Thomas’s trip would have been more dangerous than Elvira’s because he was traveling illegally. He could be arrested on the spot by any Bolshevik soldier, official, or member of the Cheka who might want to check his papers, although even without official permission to leave, Frederick could buy any document he needed if he had the cash; in 1918, the going rate for a passport from a police station in Moscow was around 1,200 rubles. After one got onto a train, it was a matter of luck what sort of trip it would be. Frederick was taken in by a friend who may have had his own compartment; this implies that the friend had influence or connections—travelers with neither had to manage as best they could. What happened during the journey south also depended on one’s luck. Some trains made it from Moscow to the border of German-occupied Ukraine in only a couple of days, even though there were long stops at intermediate stations.
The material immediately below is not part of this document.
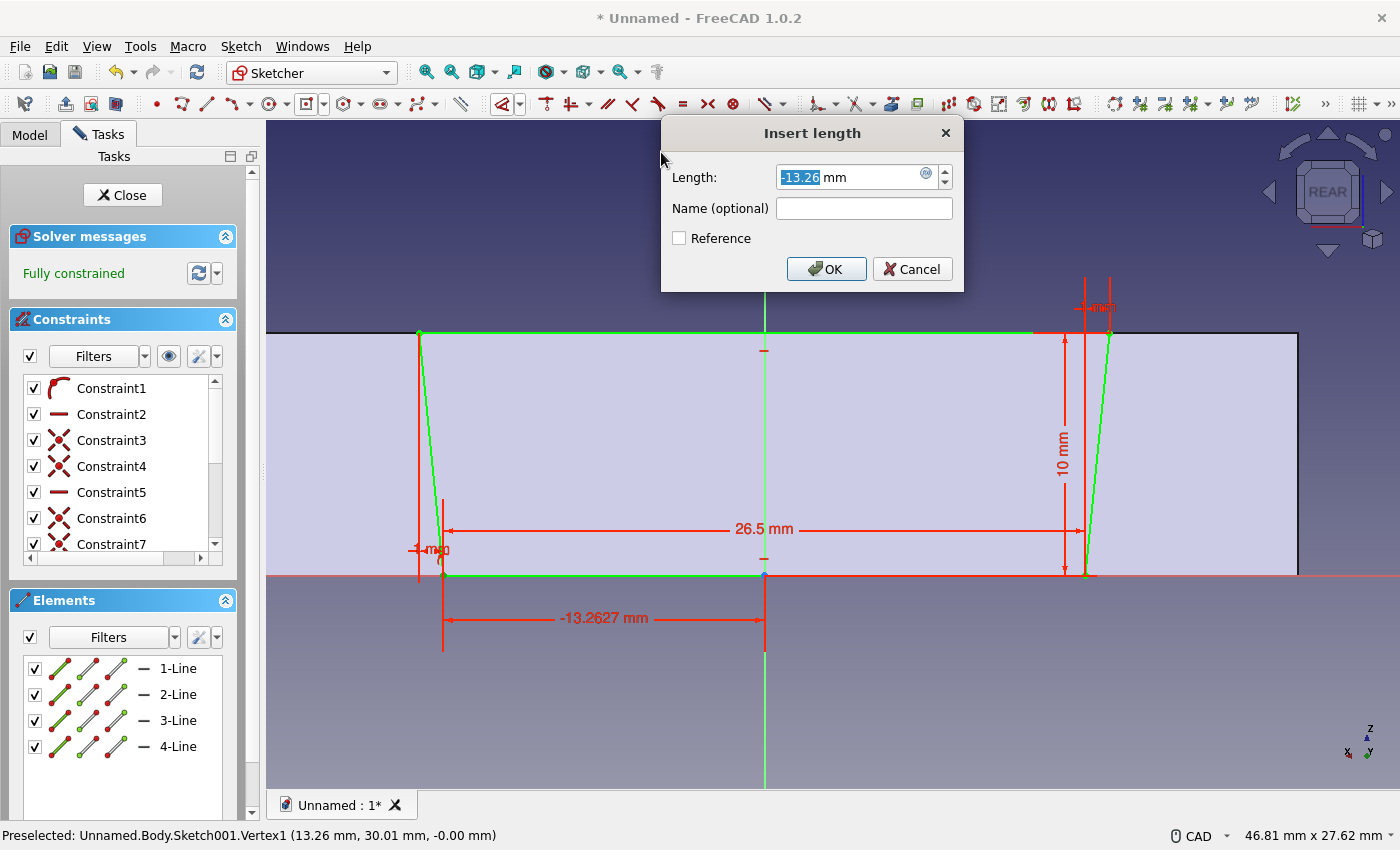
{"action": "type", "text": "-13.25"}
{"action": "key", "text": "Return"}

However, other trains heading south were blocked at remote road crossings by bands of armed men who were either Bolsheviks or criminal gangs—it was frequently hard to tell which—and who would open fire on the cars to chase everyone out; they would then loot the passengers’ belongings before letting them back on. Conditions on the trains themselves were miserable: they were not only overcrowded but dilapidated and unsanitary; windows were broken; theft was rampant; food and water were hard to get; and stops at stations, which were usually pillaged, failed to provide relief. Young women traveling alone were especially at risk.